2010 New Zealand budget
- Submitted by: Bill English
- Parliament: Parliament of New Zealand
- Party: National
- Total revenue: ▲$56.4 billion
- Total expenditures: ▲$64.8 billion
- Deficit: -$6.9 billion
- Debt: ▼$26.6 billion (Net) ▼14.1% (Net debt to GDP)

= 2010 New Zealand budget =

New Zealand budget 2010

The New Zealand budget for fiscal year 2010-2011 was presented to the New Zealand House of Representatives by Finance Minister Bill English on 20 May 2010.

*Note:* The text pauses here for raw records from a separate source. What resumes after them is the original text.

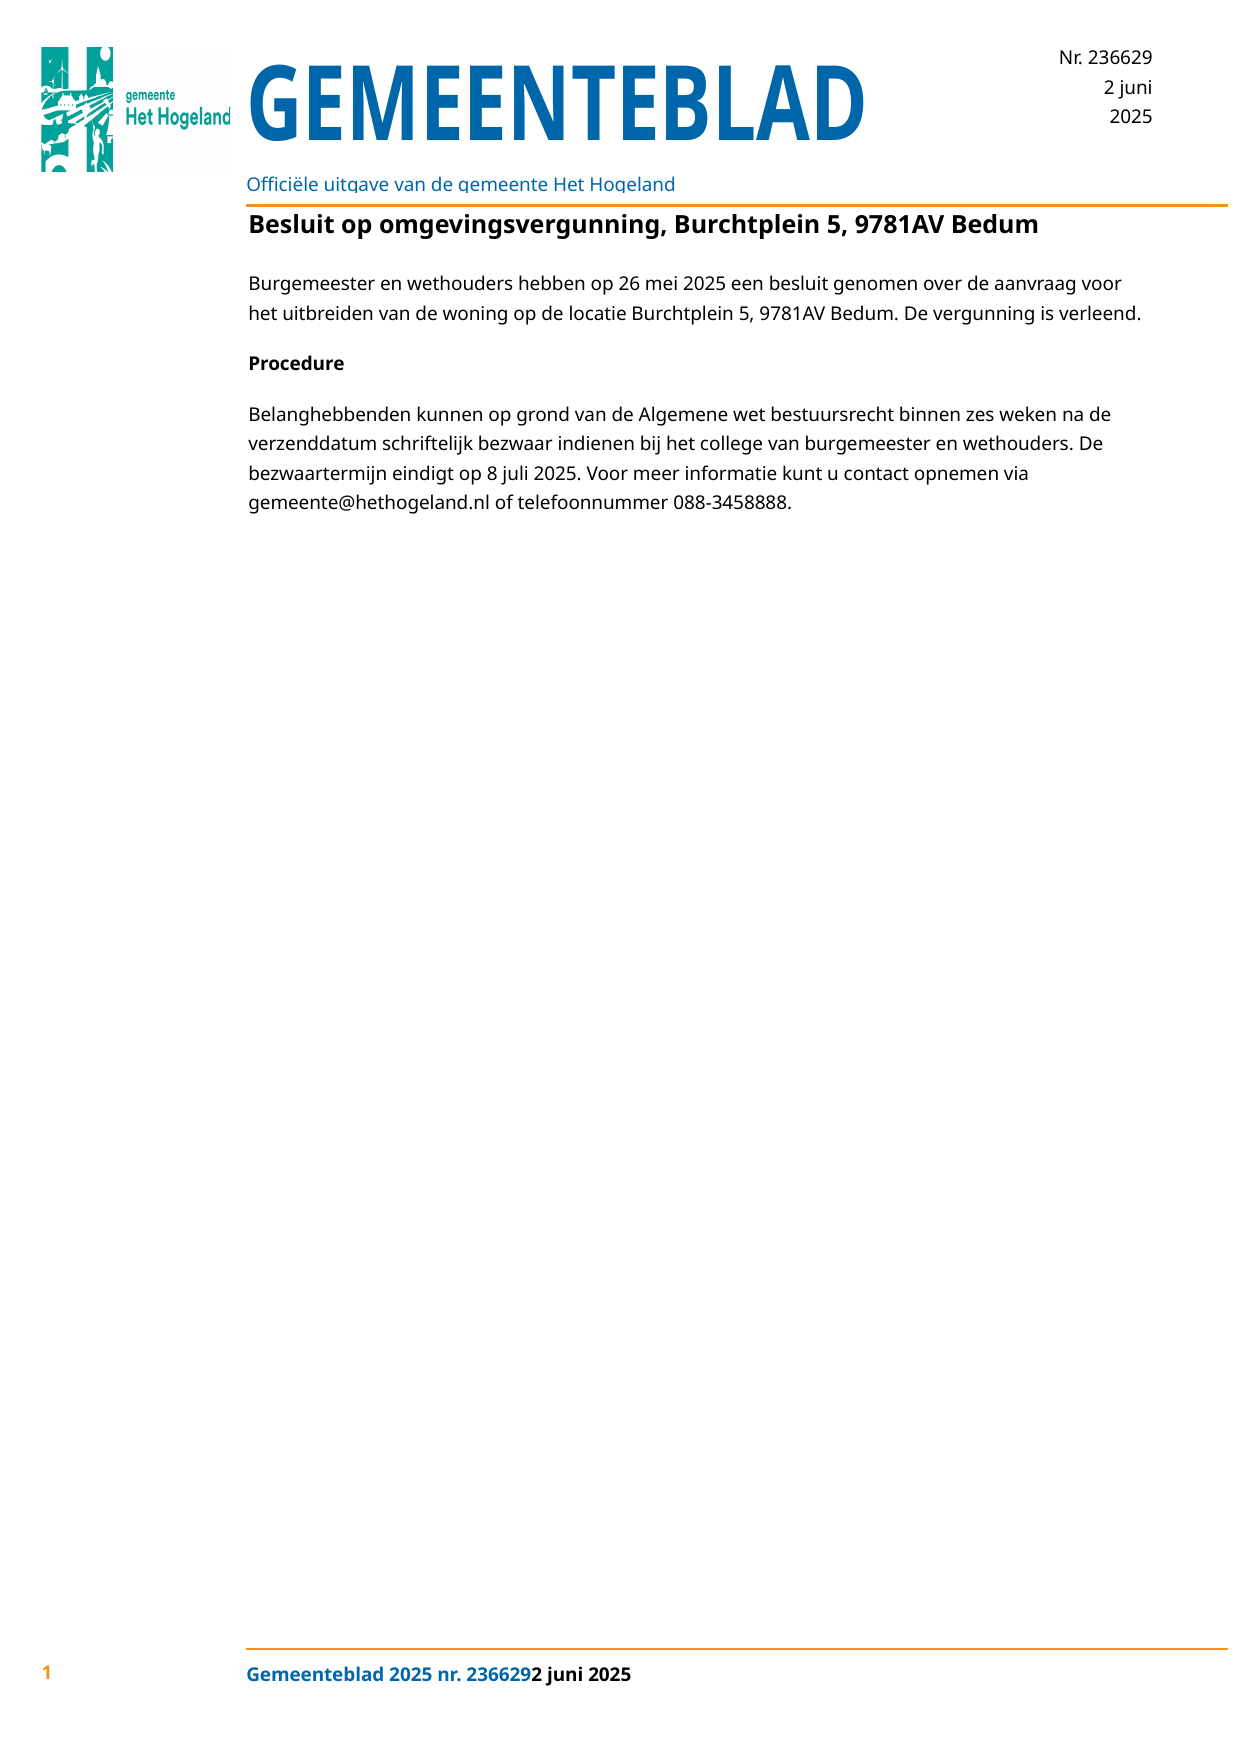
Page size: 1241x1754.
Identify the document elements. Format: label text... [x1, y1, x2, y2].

text Besluit op omgevingsvergunning, Burchtplein 5, 9781AV Bedum [248, 207, 1152, 241]
picture [41, 47, 231, 172]
text Belanghebbenden kunnen op grond van de Algemene wet bestuursrecht binnen zes weken na de verzenddatum schriftelijk bezwaar indienen bij het college van burgemeester en wethouders. De bezwaartermijn eindigt op 8 juli 2025. Voor meer informatie kunt u contact opnemen via gemeente@hethogeland.nl of telefoonnummer 088-3458888. [248, 401, 1152, 515]
text Burgemeester en wethouders hebben op 26 mei 2025 een besluit genomen over de aanvraag voor het uitbreiden van de woning op de locatie Burchtplein 5, 9781AV Bedum. De vergunning is verleend. [248, 270, 1152, 326]
text Procedure [248, 350, 1152, 376]
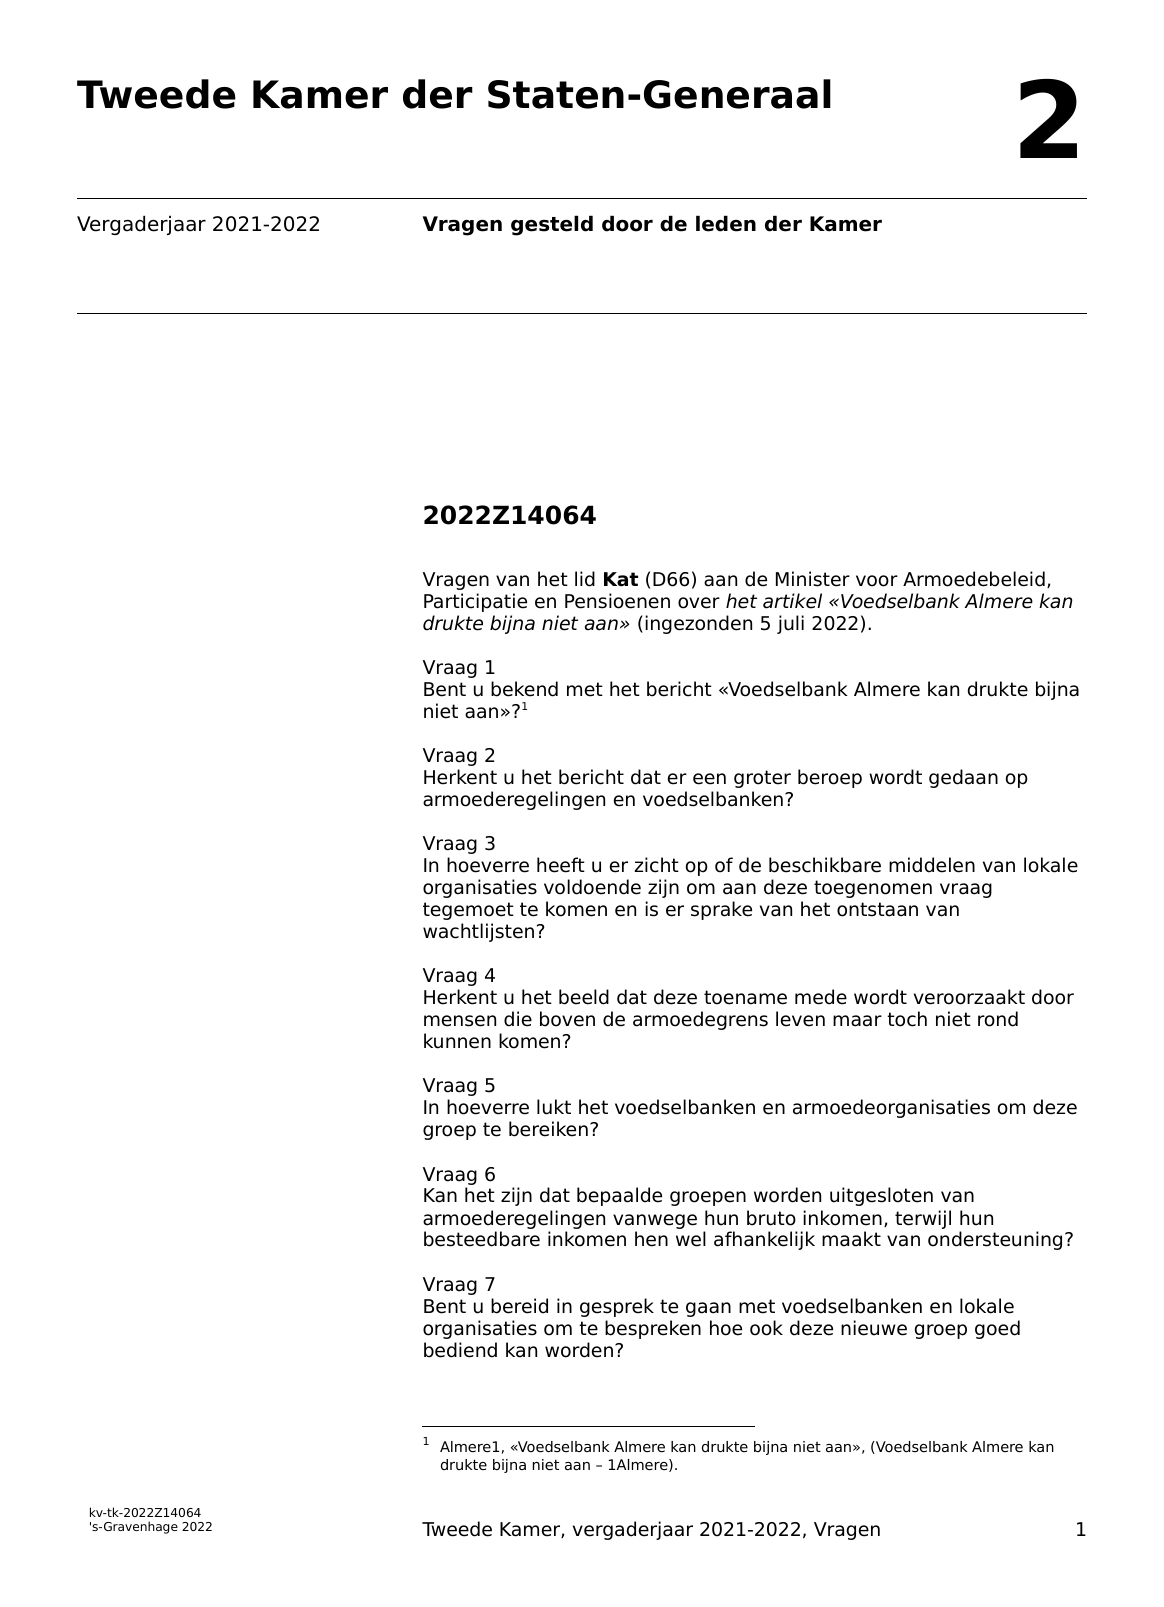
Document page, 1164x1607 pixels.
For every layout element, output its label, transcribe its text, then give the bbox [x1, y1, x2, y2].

text 2022Z14064 [422, 501, 1087, 531]
text 's-Gravenhage 2022 [88, 1520, 323, 1534]
text Herkent u het bericht dat er een groter beroep wordt gedaan op armoederegelingen en voedselbanken? [422, 767, 1087, 811]
text Vraag 2 [422, 745, 1087, 767]
text Vraag 1 [422, 657, 1087, 679]
text Bent u bereid in gesprek te gaan met voedselbanken en lokale organisaties om te bespreken hoe ook deze nieuwe groep goed bediend kan worden? [422, 1296, 1087, 1361]
text In hoeverre heeft u er zicht op of de beschikbare middelen van lokale organisaties voldoende zijn om aan deze toegenomen vraag tegemoet te komen en is er sprake van het ontstaan van wachtlijsten? [422, 855, 1087, 943]
table_cell Vergaderjaar 2021-2022 [77, 199, 422, 313]
text In hoeverre lukt het voedselbanken en armoedeorganisaties om deze groep te bereiken? [422, 1097, 1087, 1141]
text kv-tk-2022Z14064 [88, 1506, 323, 1520]
text Vraag 6 [422, 1163, 1087, 1185]
text Vraag 3 [422, 833, 1087, 855]
text Vraag 7 [422, 1273, 1087, 1296]
text Vragen van het lid Kat (D66) aan de Minister voor Armoedebeleid, Participatie en Pensioenen over het artikel «Voedselbank Almere kan drukte bijna niet aan» (ingezonden 5 juli 2022). [422, 569, 1087, 635]
table_header Tweede Kamer der Staten-Generaal [77, 59, 886, 198]
text Bent u bekend met het bericht «Voedselbank Almere kan drukte bijna niet aan»? [422, 679, 1087, 723]
table_cell Vragen gesteld door de leden der Kamer [422, 199, 1087, 313]
text Herkent u het beeld dat deze toename mede wordt veroorzaakt door mensen die boven de armoedegrens leven maar toch niet rond kunnen komen? [422, 987, 1087, 1053]
text Vraag 5 [422, 1075, 1087, 1097]
table_header 2 [886, 59, 1087, 198]
text Vraag 4 [422, 965, 1087, 987]
text Almere1, «Voedselbank Almere kan drukte bijna niet aan», (Voedselbank Almere kan drukte bijna niet aan – 1Almere). [422, 1435, 1087, 1474]
text Kan het zijn dat bepaalde groepen worden uitgesloten van armoederegelingen vanwege hun bruto inkomen, terwijl hun besteedbare inkomen hen wel afhankelijk maakt van ondersteuning? [422, 1185, 1087, 1251]

This was the second budget Bill English has presented as Minister of Finance.

== Outline ==
=== Tax changes ===
The main feature of the 2010 Budget was a tax package that lowered income taxes, reduced the company tax rate to 28%, and raised GST to 15%. There were increases to Superannuation, Working for Families and Benefits to compensate for the GST increase.

New income tax rates from 2010 are:

| Taxable income band | Old PAYE (1 April 2010 – 30 September 2010) | New PAYE (from 1 October 2010) |
|---|---|---|
| $0 – $14,000 | 12.5% | 10.5% |
| $14,001 – $48,000 | 21% | 17.5% |
| $48,0001 – $70,000 | 33% | 30% |
| $70,001+ | 38% | 33% |

Depreciation on buildings with a life exceeding 50 years was removed, resulting in an increase of tax paid on property, and Loss Attributing Qualifying Companies were abolished and replaced with Look-through company, subject to much tighter rules.

The 2010 Budget included new spending of $1.8 billion in health, education, research and broadband rollout.

The Budget forecast a return to fiscal surplus in 2016.